- Directed by: Andrey Zaytsev
- Written by: Andrey Zaytsev
- Produced by: Elena Gromova; Andrey Zaytsev;
- Starring: Svetlana Kryuchkova; Aleksandr Adabashyan; Polina Gukhman; Aleksandr Zamurayev; Lyudmila Motornaya; Makr Gaass; Anna Ukolova;
- Cinematography: Irina Uralskaya
- Edited by: Andrey Zaytsev
- Production company: September Film Studio
- Distributed by: SB Film
- Release date: October 16, 2025 (Russia);
- Running time: 109 minutes
- Country: Russia
- Language: Russian
- Budget: ₽98 million
- Box office: ₽3.1 million

= Two People in One Life and a Dog =

Two People in One Life and a Dog (Двое в одной жизни, не считая собаки) is a 2025 Russian romantic drama film written, produced, and directed by Andrey Zaytsev. It stars Svetlana Kryuchkova and Aleksandr Adabashyan.
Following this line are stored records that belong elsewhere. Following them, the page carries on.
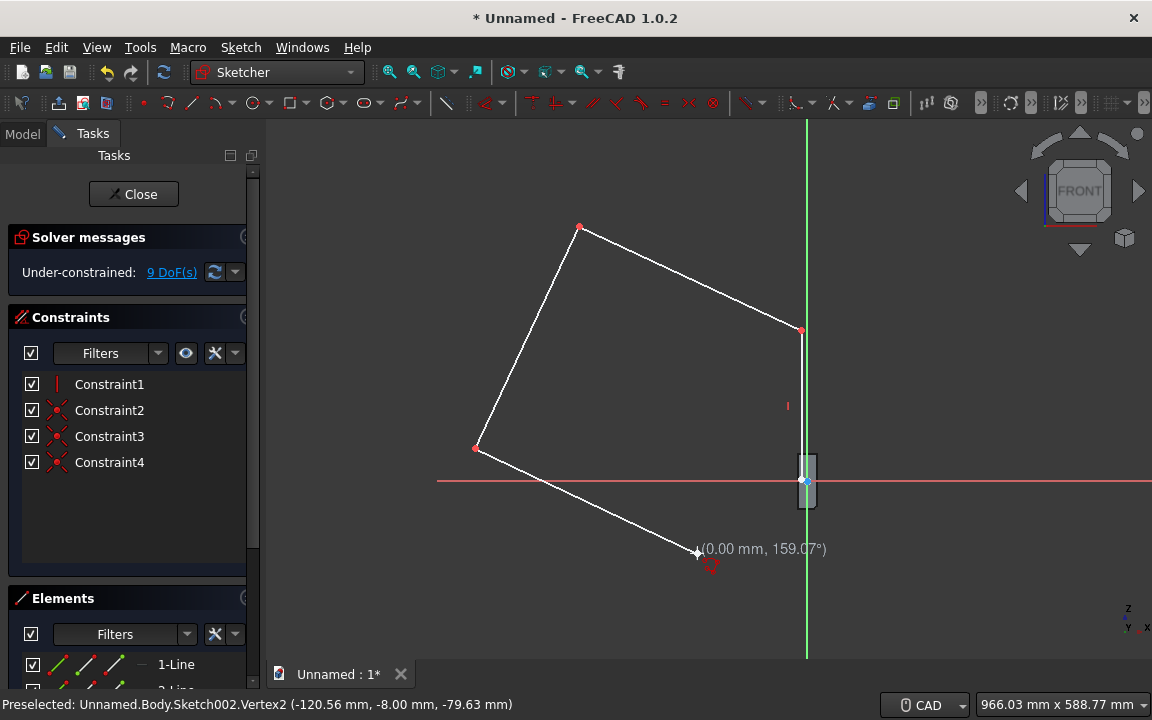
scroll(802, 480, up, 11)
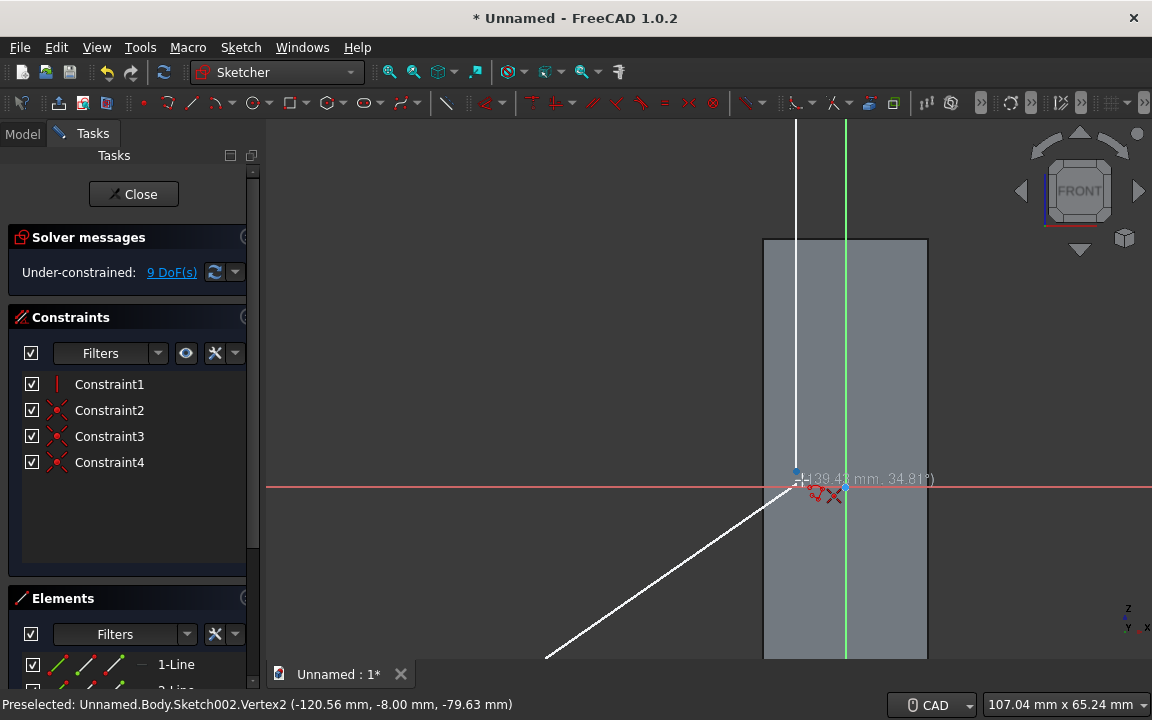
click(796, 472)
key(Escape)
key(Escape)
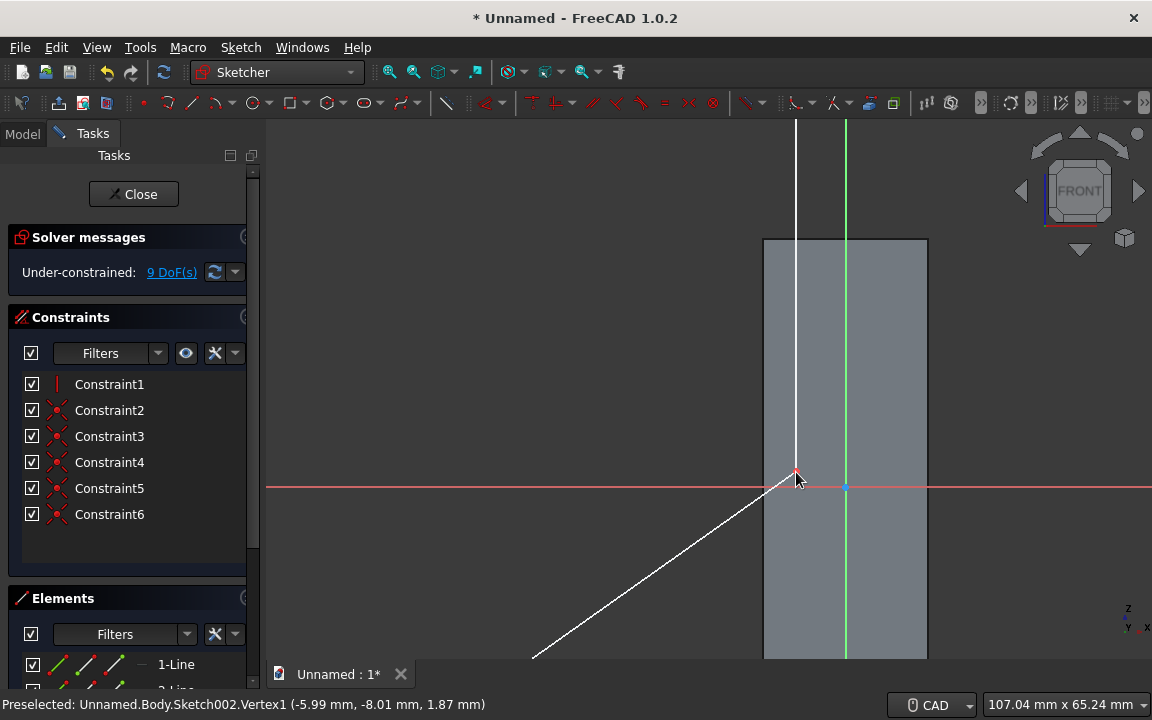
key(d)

This film was theatrically released on October 16, 2025.

== Plot ==
The film tells the story of an intelligent elderly couple living in St. Petersburg, separated from their children. Despite loneliness and a difficult past, they have managed to maintain their warmth, wisdom, patience, and forgiveness.

== Cast ==
- Svetlana Kryuchkova as Lyudmila Pavlovna
- Aleksandr Adabashyan as Igor Nikolayevich
- Polina Gukhman as Polina
- Aleksandr Zamurayev as Polina's father
- Lyudmila Motornaya as Polina's mother
- Makr Gaass as Polina's boyfriend
- Anna Ukolova
- Dmitry Blokhin as a fraudster
- Ilya Del as a student

== Production ==
Filming took place in the Saint Petersburg.

== Release ==
The film competed in the main competition of the 48th Moscow International Film Festival (Audience Award). The film was released in Russia on October 16, 2025, by SB Film.